GG: First of all, not just the African heritage we have in Brazil—black culture is global, but people sometimes think it needs protection, or that it has a pure aspect. To protect it in which sense? Even that we have, in a way, welcomed those elements and embraced them and let them be part of our transforming cultural process. With black religions, for instance. Now they’re national. They’ve gone even international. They’ve gone to Uruguay, to Argentina, to other countries of South America: the deities, the music, the philosophy and everything. At the same time, some parts of the reactionary system have historically been against them and fought against this natural absorption by the society of African elements, trying to reject them, trying to impose a European kind of vision of what our culture should be. Protecting this African heritage is the first thing we should do, both by constant social mobilization in favor of those things and by governmental policies. This is something that has been going on in Brazil for at least thirty years now. Many governments in Bahía, in Pernambuco, in Rio, everywhere, have been mobilized to protect that ancient heritage we have, and then, of course, opened possibilities for them to mix, to mingle with new dynamics, new cultural forms, with the cyber culture, the modern culture, so that they can progress and continue to give a great contribution to our life and our culture.
PDM: For me as an artist, I have been very respectful of the way you have been able to balance between history and an idea of the future.
GG: Sometimes, from outside, and from America especially, where the racial tension is so intense, you tend to understand Brazil as a kind of ideal situation, but it’s not.

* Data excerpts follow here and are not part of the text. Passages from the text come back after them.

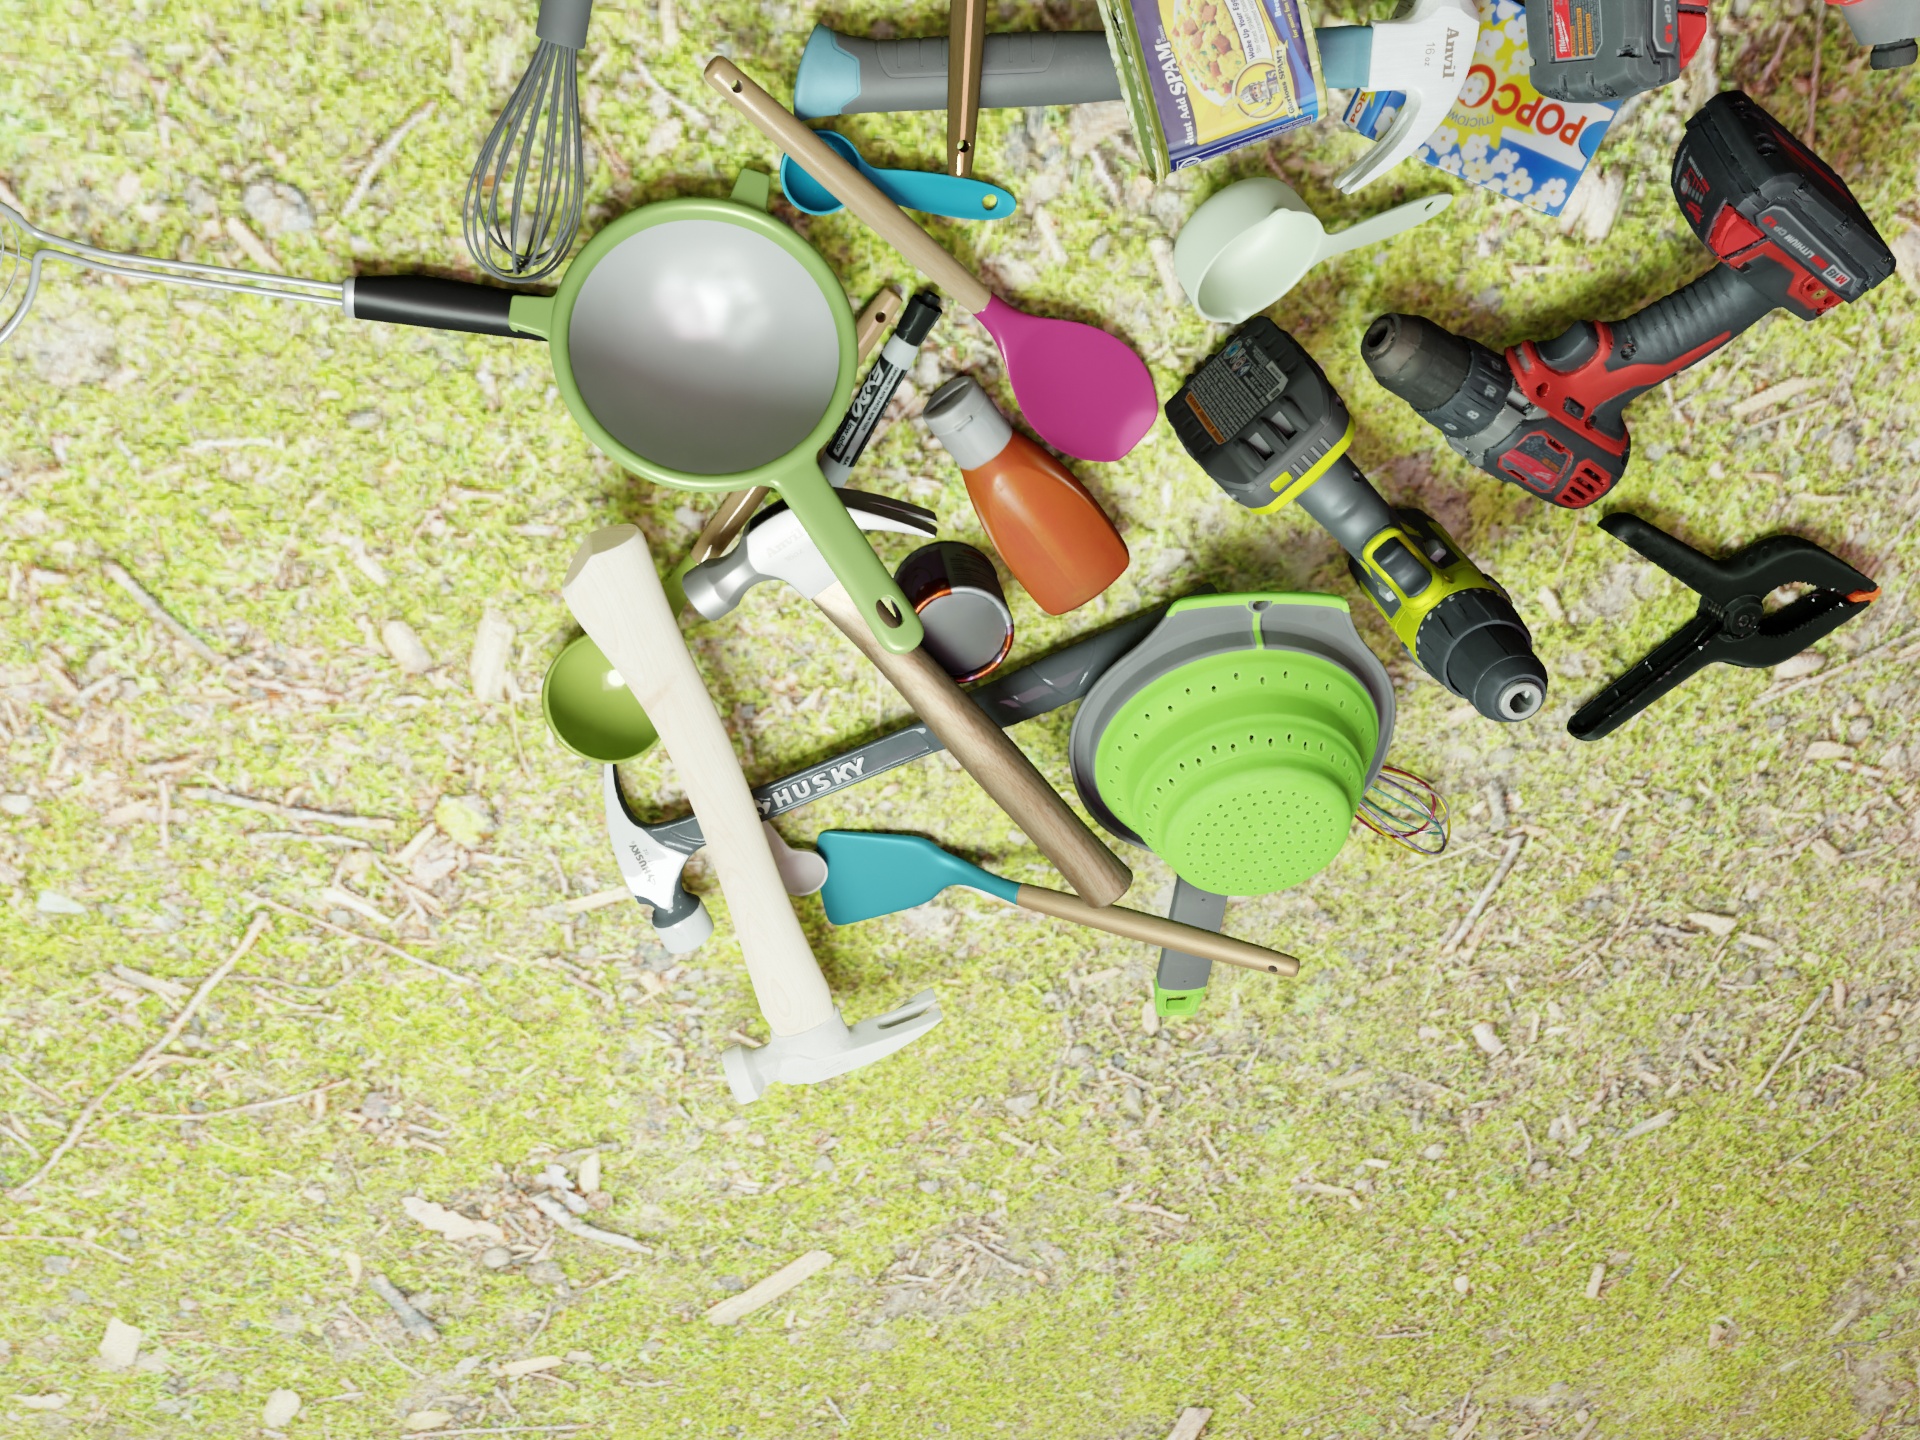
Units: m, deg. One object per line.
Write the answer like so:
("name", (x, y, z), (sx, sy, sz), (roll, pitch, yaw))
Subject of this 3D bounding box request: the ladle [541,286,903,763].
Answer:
("ladle", (-0.130, -0.105, 0.886), (0.078, 0.062, 0.320), (30, 110, -26))

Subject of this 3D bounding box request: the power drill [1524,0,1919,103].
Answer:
("power drill", (0.389, -0.375, 0.771), (0.219, 0.079, 0.143), (-18, 113, -12))

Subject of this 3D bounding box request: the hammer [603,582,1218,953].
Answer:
("hammer", (-0.028, 0.007, 0.986), (0.409, 0.036, 0.149), (-23, 115, 2))

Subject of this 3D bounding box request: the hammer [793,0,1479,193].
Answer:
("hammer", (0.083, -0.320, 0.773), (0.331, 0.033, 0.128), (-2, 117, 0))

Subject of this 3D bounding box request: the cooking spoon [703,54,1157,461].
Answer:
("cooking spoon", (-0.006, -0.234, 0.830), (0.318, 0.017, 0.068), (33, 106, -35))

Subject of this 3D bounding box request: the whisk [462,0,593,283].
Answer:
("whisk", (-0.189, -0.319, 0.740), (0.055, 0.055, 0.238), (11, 116, -18))

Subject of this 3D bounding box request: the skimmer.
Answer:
("skimmer", (-0.360, -0.188, 0.764), (0.363, 0.090, 0.127), (4, 155, -16))

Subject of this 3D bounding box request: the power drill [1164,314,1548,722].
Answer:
("power drill", (0.226, -0.104, 0.878), (0.228, 0.191, 0.080), (39, 109, -25))

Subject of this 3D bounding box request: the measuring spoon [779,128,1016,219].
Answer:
("measuring spoon", (-0.032, -0.277, 0.817), (0.128, 0.021, 0.042), (2, 124, -23))

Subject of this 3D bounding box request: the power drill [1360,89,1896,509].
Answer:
("power drill", (0.349, -0.222, 0.859), (0.187, 0.080, 0.226), (22, 135, -28))

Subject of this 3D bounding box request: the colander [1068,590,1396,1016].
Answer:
("colander", (0.169, 0.098, 1.017), (0.204, 0.095, 0.396), (-2, 134, -4))

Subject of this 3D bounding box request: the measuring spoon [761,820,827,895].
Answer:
("measuring spoon", (-0.132, 0.066, 1.027), (0.034, 0.018, 0.124), (-37, 115, 9))

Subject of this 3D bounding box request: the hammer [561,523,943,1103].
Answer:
("hammer", (-0.126, 0.064, 0.943), (0.146, 0.038, 0.410), (-19, 125, -5))

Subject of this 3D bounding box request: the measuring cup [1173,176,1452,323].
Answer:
("measuring cup", (0.188, -0.267, 0.852), (0.167, 0.038, 0.083), (-22, 157, -18))

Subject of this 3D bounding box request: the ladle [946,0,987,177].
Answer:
("ladle", (0.007, -0.405, 0.701), (0.069, 0.031, 0.315), (-3, 116, -12))

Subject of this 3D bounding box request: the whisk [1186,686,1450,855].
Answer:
("whisk", (0.237, 0.025, 1.057), (0.244, 0.051, 0.047), (28, 93, -22))

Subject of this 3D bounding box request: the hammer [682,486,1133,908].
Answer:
("hammer", (-0.001, -0.003, 0.916), (0.130, 0.031, 0.331), (-33, 119, 18))

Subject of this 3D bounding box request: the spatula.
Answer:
("spatula", (0.058, 0.126, 1.023), (0.317, 0.044, 0.082), (12, 127, 21))

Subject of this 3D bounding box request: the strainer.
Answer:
("strainer", (-0.101, -0.139, 0.812), (0.151, 0.069, 0.256), (-35, 93, -14))

There are a lot of problems. Historically, we have been in struggle, in real struggle to protect and defend the natural leaning towards absorbing the African and the Indian heritage that our society has.
PDM: In terms of film, I’m sure you have seen Cidade de Deus (City of God). From that film to Marcel Camus’ film Black Orpheus to a couple of other films, Quilombo, Pixote, these are all films that deal with class and race. What is your opinion for the near future, from globalist to localist, from local—Brazil—to global?
GG: I think that the global consciousness concerning all those elements that produce tension, fractions of societies, is changing in the sense that we all tend to understand a little more the needs for harmonizing the process and integrating races and cultures and producing multiculturalism and different melting-pot situations. That affects global things, tolerating the Arab, the African, the Eastern civilizations, getting rid of this hegemonic dominance by the West. That’s all comprehensive now in terms both of understanding and approaching the whole planet. That affects Brazil also, because Brazil originally has been a culture like that, mixing culture open-source. I see the future of Brazil as the future of the planet. We are definitely and finally engaged in the same destiny.
PDM: My last question, for practical purposes: are you working on any new albums, productions, film, or music?
GG: I’m going to record a live project that I’ve been working on. It initially started with me and my son Bem and then we had Jaques Morelenbaum, a great cello player, joining, and then we had a percussionist, Gustavo di Dalva, from the black culture in Bahía, and a violinist from Russian-French origin. We are also going to have a big symphonic orchestra, so we’re going to record that and that is going to be the next album. But then I’m already working on another project for next year that deals with Samba, a specific form of reading Samba, not a classical one.